About the left hand side (of the chalkboard) with some history pointers of manifolds: we can see that that what we teach in multi-variable calculus courses has been the status of manifold theory in 1838 with Gauss. There had been a surprisingly long struggle to get a good definition of manifolds. It was Riemann who first in the context of Riemann surfaces saw the need to use charts to define surfaces. Hassler Whitney then showed that one can always embed a manifold in an Euclidean space and John Nash much later showed that one can embed isometrically also Riemannian manifolds in Euclidean spaces. So, in principle the abstract definition of manifolds is not needed. In any case, while embedding is “ugly” (because non-intrinsic), it is still in principle all we need. In the discrete, we can work with finite projective spaces.
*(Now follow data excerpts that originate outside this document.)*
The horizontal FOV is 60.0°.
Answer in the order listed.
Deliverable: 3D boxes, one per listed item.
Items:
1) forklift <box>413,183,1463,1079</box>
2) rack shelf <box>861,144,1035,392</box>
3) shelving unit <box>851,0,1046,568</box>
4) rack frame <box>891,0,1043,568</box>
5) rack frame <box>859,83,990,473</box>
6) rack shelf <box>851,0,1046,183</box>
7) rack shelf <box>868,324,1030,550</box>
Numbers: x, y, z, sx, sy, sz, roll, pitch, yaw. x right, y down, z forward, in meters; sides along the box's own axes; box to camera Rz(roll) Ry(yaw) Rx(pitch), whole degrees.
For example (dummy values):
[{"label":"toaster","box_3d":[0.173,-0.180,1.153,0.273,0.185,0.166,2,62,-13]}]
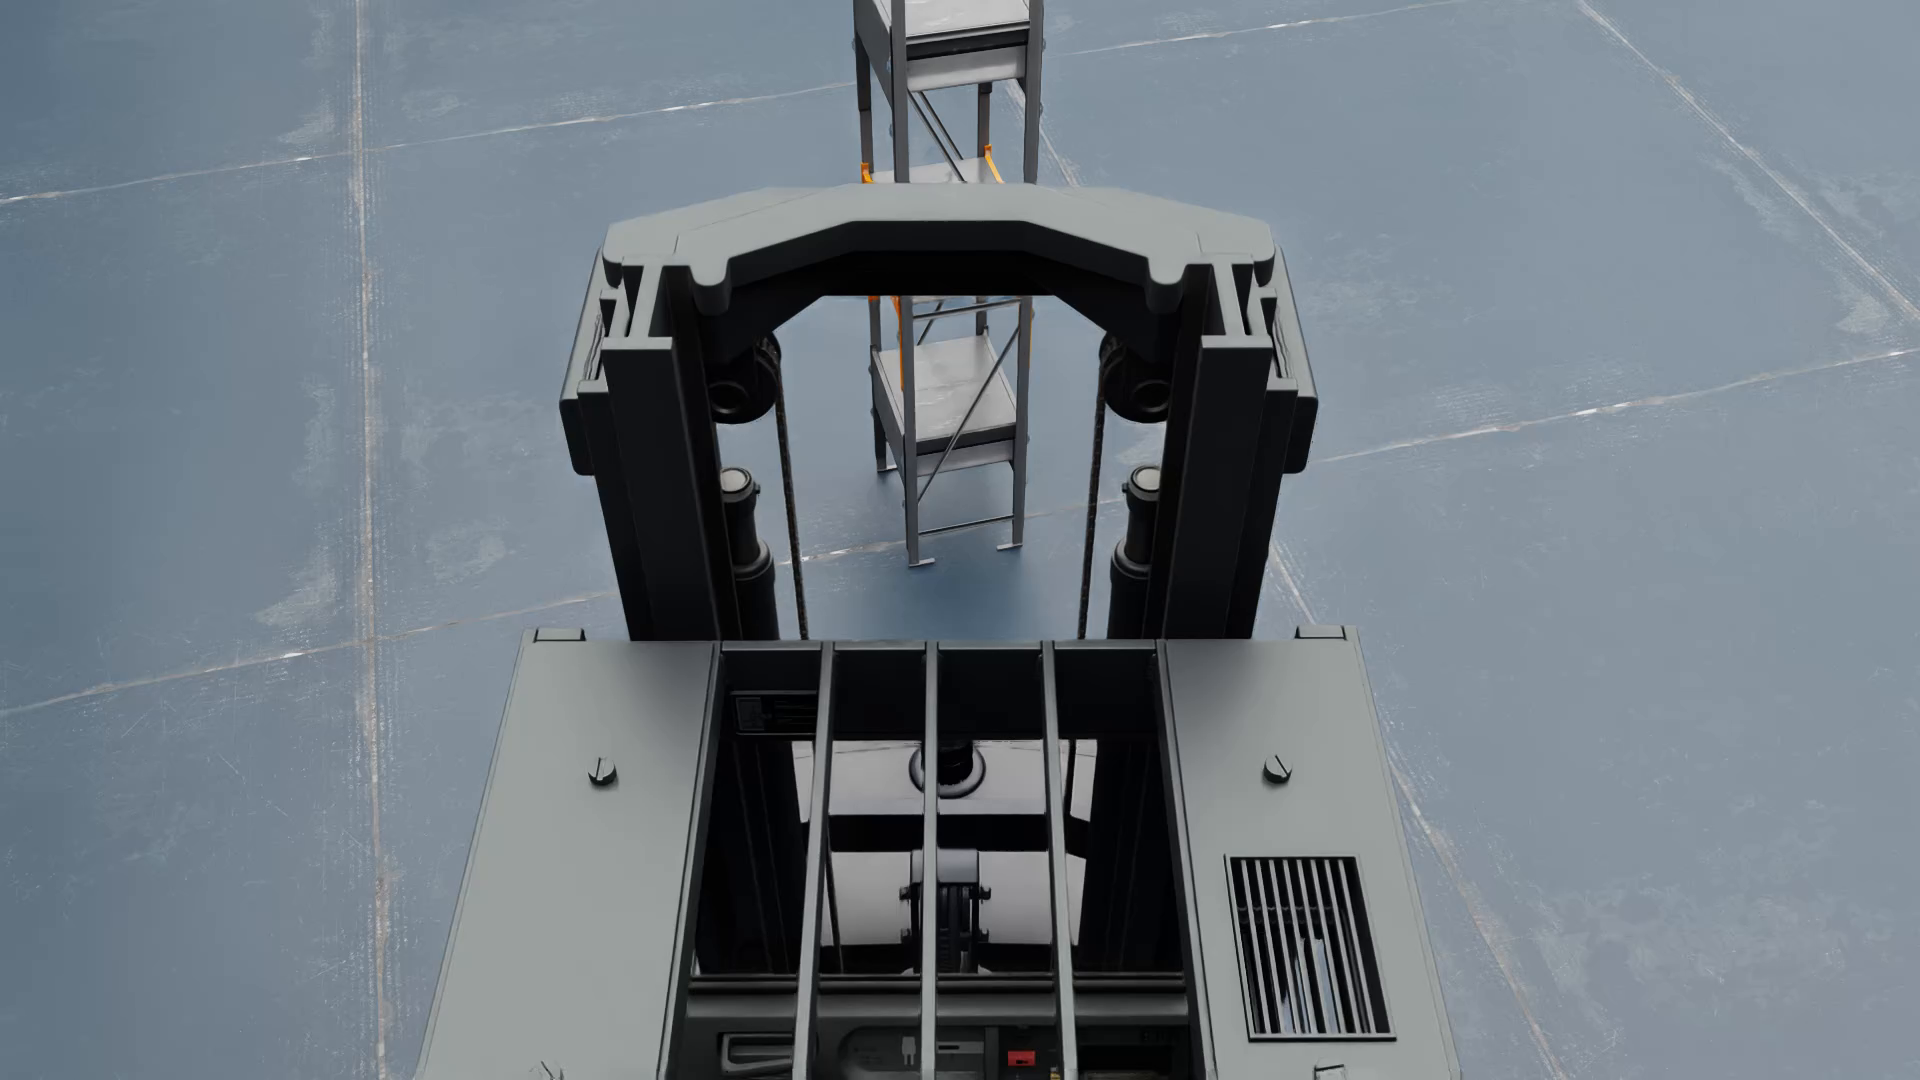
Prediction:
[{"label":"forklift","box_3d":[-0.024,1.049,2.670,1.130,2.935,3.031,0,46,0]},{"label":"rack shelf","box_3d":[-0.042,-0.840,5.122,0.431,0.518,0.480,-11,47,-10]},{"label":"shelving unit","box_3d":[-0.042,-0.849,5.112,0.431,2.100,0.503,-11,47,-10]},{"label":"rack frame","box_3d":[0.020,-0.681,4.947,0.400,2.100,0.015,-11,47,-10]},{"label":"rack frame","box_3d":[-0.105,-1.018,5.277,0.400,2.100,0.015,-11,47,-10]},{"label":"rack shelf","box_3d":[-0.042,-1.330,4.622,0.431,0.518,0.480,-11,47,-10]},{"label":"rack shelf","box_3d":[-0.042,-0.350,5.622,0.431,0.518,0.480,-11,47,-10]}]

The book of Koskinski displays the photo of famous topologiest: (I cleaned up the best available picture from the Princeton photo collection a bit with despecklel filter as there were terribly many sprinkled speckles. Here is a Link, to the locally cleaned up picture. You can find the original on a Princeton photo collection, just to check. Others have made clean up efforts like on this page, but just done so by, also significantly reduced the resolution, of course that also removes the specks): the picture had been taken at a Symposium on Differential Topology, April 2-5, 1963 in at the Institute for Advanced Study in Princeton, a conference in the honor of Marston Morse:

Left to right up: Raoul Bott, Barry Mazur, Gustav Hedlund, Theodore Frankel, Stephen Smale, Nicolaas Kuiper, John Adams, William Browder, John Milnor and Michel Kervaire,

Left to right down: Shiing-Shen Chern, Robert Pohrer, Atle Selberg, Marston Morse, Walter Leighton, Morris Hirsch, Stewart Cairns and Hassler Whitney

About the idea to look at the distance function f(x)= d(x,a) to a point in the geometry: the wave fronts { f(x) = r } are now manifolds or empty. We can now look at the supremum of all r for which this wave front is a sphere and get a notion of radius of injectivity.